Researchers wired New York with acoustic sensors and asked citizen scientists to label every jackhammer, siren, and barking dog. The result is the largest urban noise dataset ever assembled.
New York City receives over 300,000 noise complaints a year through its 311 hotline — more than any other category of grievance. But complaints are blunt instruments. They tell you someone is angry; they do not tell you what is actually happening in the acoustic environment. The SONYC project changed that. Beginning in 2016, researchers at New York University deployed a network of low-cost acoustic sensors across Manhattan, Brooklyn, and Queens, recording the city's soundscape in continuous 10-second clips. The question was deceptively ambitious: could you build a machine that listens to a city the way a resident does?
The answer required human ears first.

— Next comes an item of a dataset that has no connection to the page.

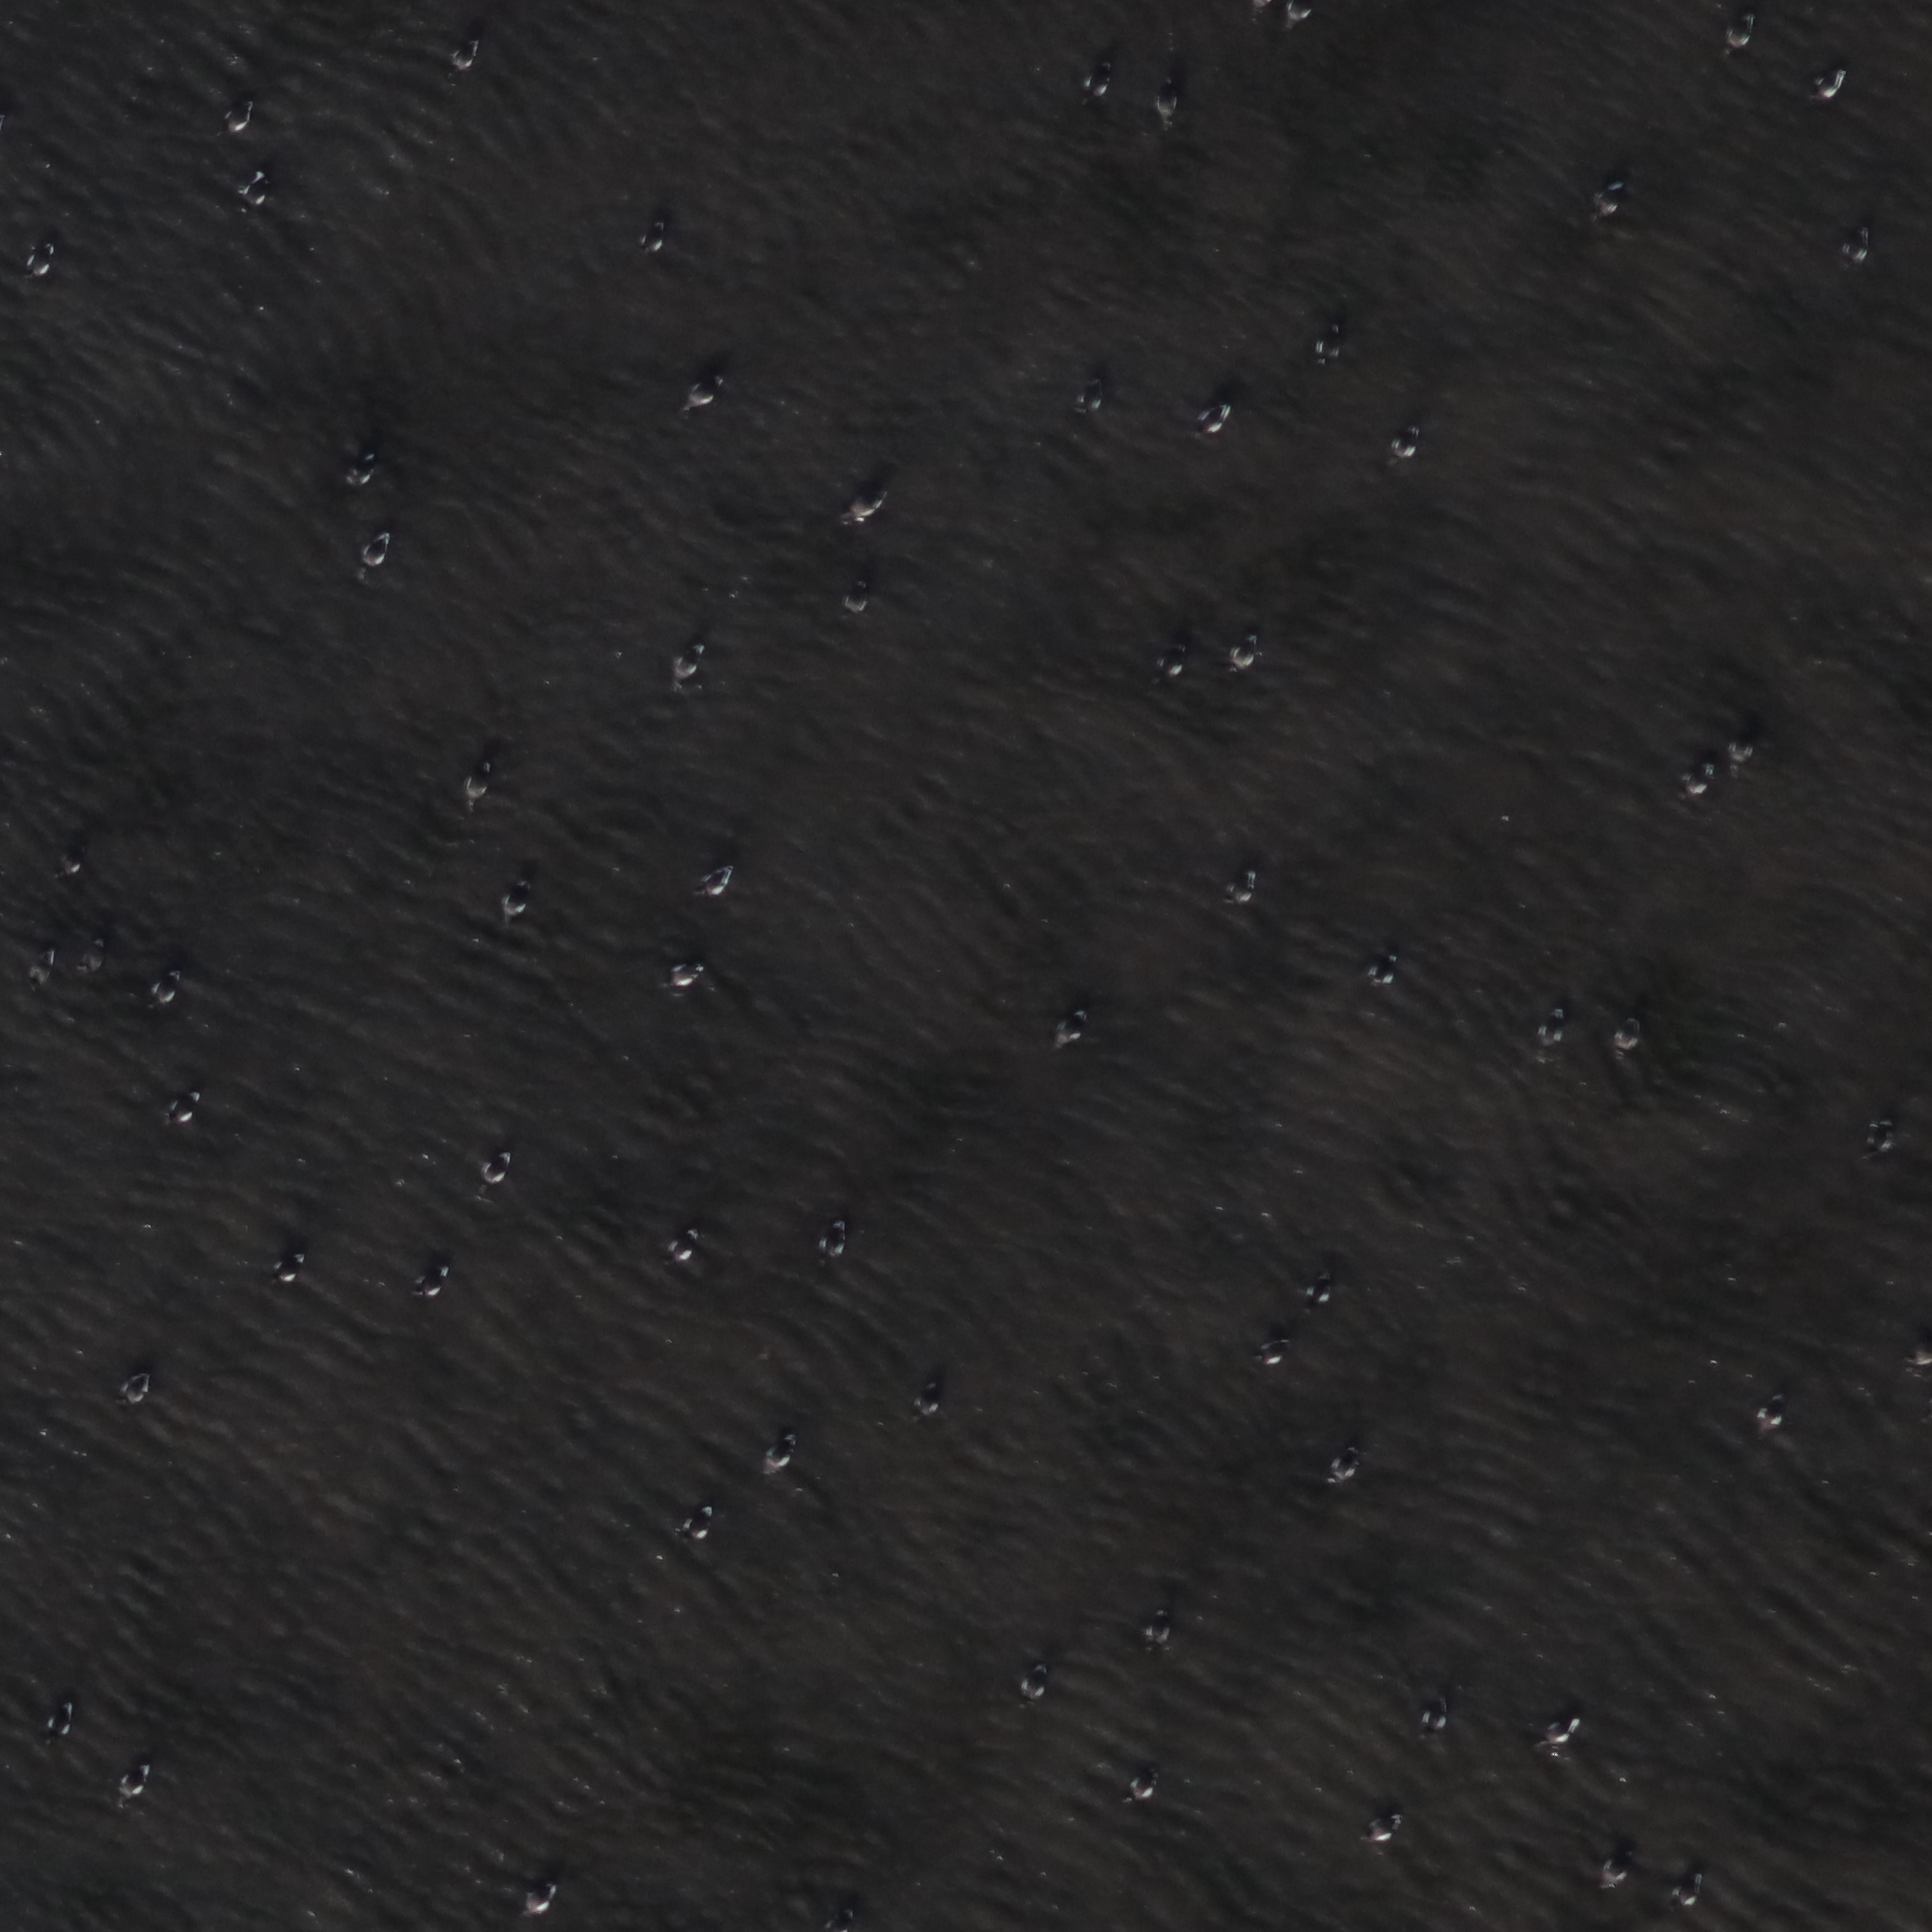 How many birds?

66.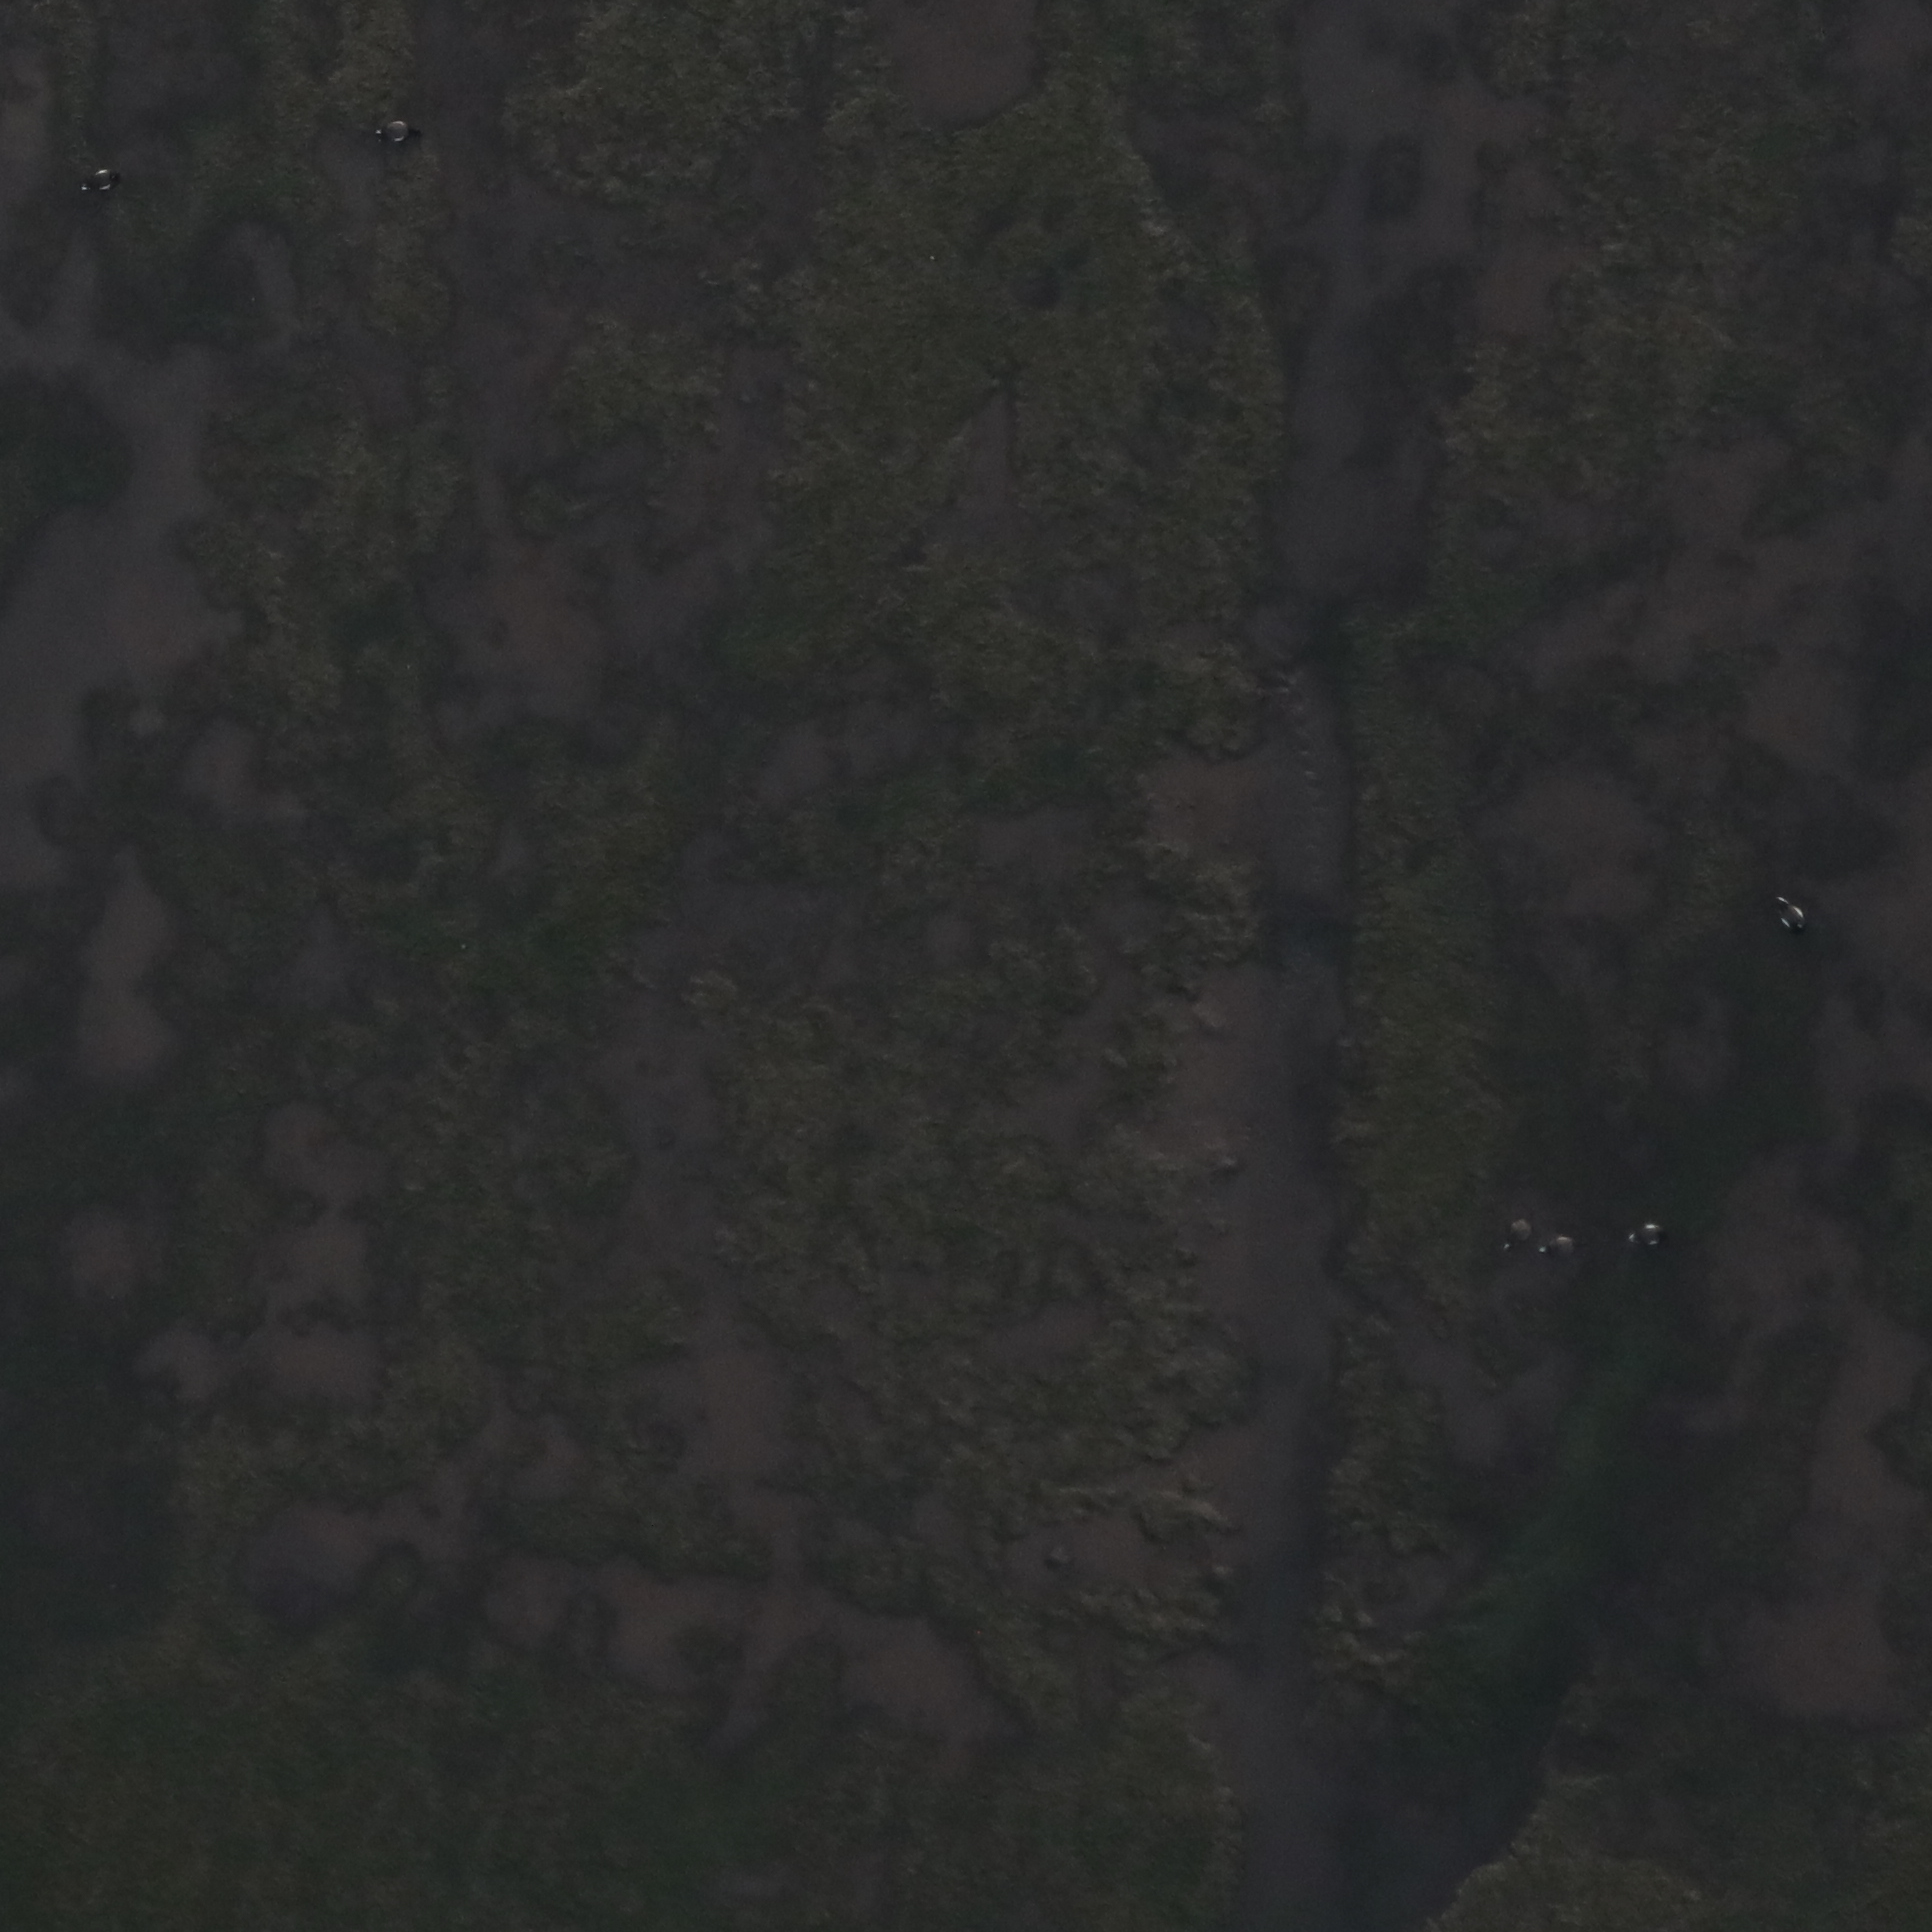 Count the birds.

6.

Over 18,000 recordings were uploaded to Zooniverse, where citizen scientists tagged each clip with fine-grained labels: engine idling, jackhammer, music from a bar, dog bark, ice cream truck, air conditioner hum. The taxonomy grew to encompass eight coarse categories and dozens of fine-grained sound sources, capturing the layered reality of urban noise — where a construction site, a passing ambulance, and a street musician can occupy the same 10-second window. A subset was then verified by trained acoustic experts, creating a gold-standard annotation layer for training machine learning models.
With 62,000 downloads, SONYC-UST has become the benchmark dataset for urban sound classification research. But its impact extends beyond academia. New York's Department of Environmental Protection has used SONYC data to target noise enforcement, and the project's sensor-to-classification pipeline is being adapted by cities from Barcelona to Singapore. The recordings are a time capsule of a specific urban moment — and simultaneously, a template for how any city might learn to hear itself more clearly.
Percentage of recordings containing each dominant sound category across 4-hour time blocks
Noise complaints tell you someone is angry. Acoustic sensors tell you what is actually happening.
dataset · 2019 · CC BY 4.0
Continuous acoustic monitoring provides evidence-based inputs for noise zoning, construction permitting, and nightlife regulations — replacing anecdotal complaints with measured data.
SONYC-UST's multilabel annotations and expert-verified subset have established the benchmark for urban audio classification, accelerating progress in environmental sound recognition.
Chronic noise exposure is linked to cardiovascular disease, sleep disruption, and cognitive impairment. This dataset enables the spatial mapping of noise burden in communities with the least political power to complain.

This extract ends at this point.